As Narteh cited from Keller, Toyota and General Motors were said to have formed the NUMMI (New United Motors Manufacturing Inc.) alliance so that they could empower on the knowledge bases to enhance their competitiveness. [30] This example shows us that alliance partner companies like Toyota and General Motors, are able to learn when they jointly enter a new business area and develop new capabilities. At this point we can easily say that knowledge transfer provides opportunities for mutual learning, gaining access to the partner’s skills, cooperation that stimulate the creation of new knowledge and contribute to organizational units’ ability to innovate. [31] Communication, cooperation and sharing are vital elements of a learning organization, therefore knowledge transfer and organizational learning are very important in building strategic alliances between companies.

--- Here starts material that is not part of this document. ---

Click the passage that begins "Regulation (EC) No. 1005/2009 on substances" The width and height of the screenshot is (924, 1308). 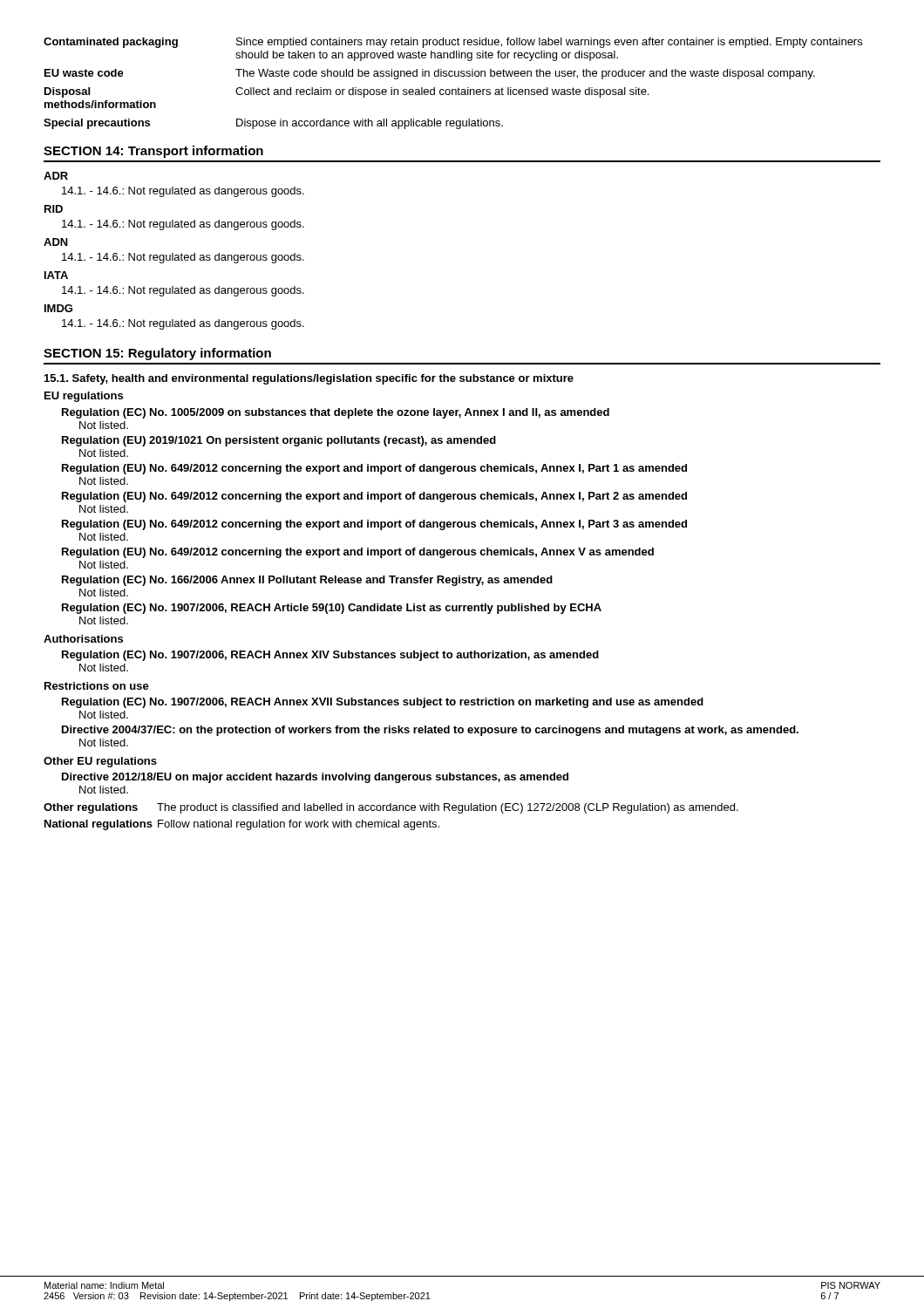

As Mowery et al.’s study with interesting results showed, this study examines organizational learning and knowledge transfer between companies in strategic alliances. [32]

3. Methodology

This study uses a specific research design. Data were collected from different sources like in-depth interviews with top executives of a specific company in the PVC profile industry to learn more about companies’ strategic alliance building behavior, observation and documents/archival records.

We conducted a series of detailed interviews with the General Manager (GM) and Board Member, Corporate Communication Manager and CFO of Egepen Deceuninck. We asked open ended interview questions and received detailed answers during the interviews. The aim of asking open ended questions is to reach subconscious information by making the top executives speak more about their company. Several important ideas arose during these discussions. Two ideas emerged as especially important factors determining the form and success of strategic alliances in terms of organizational learning: knowledge transfer while building the strategic alliance and knowledge transfer after becoming alliance partners.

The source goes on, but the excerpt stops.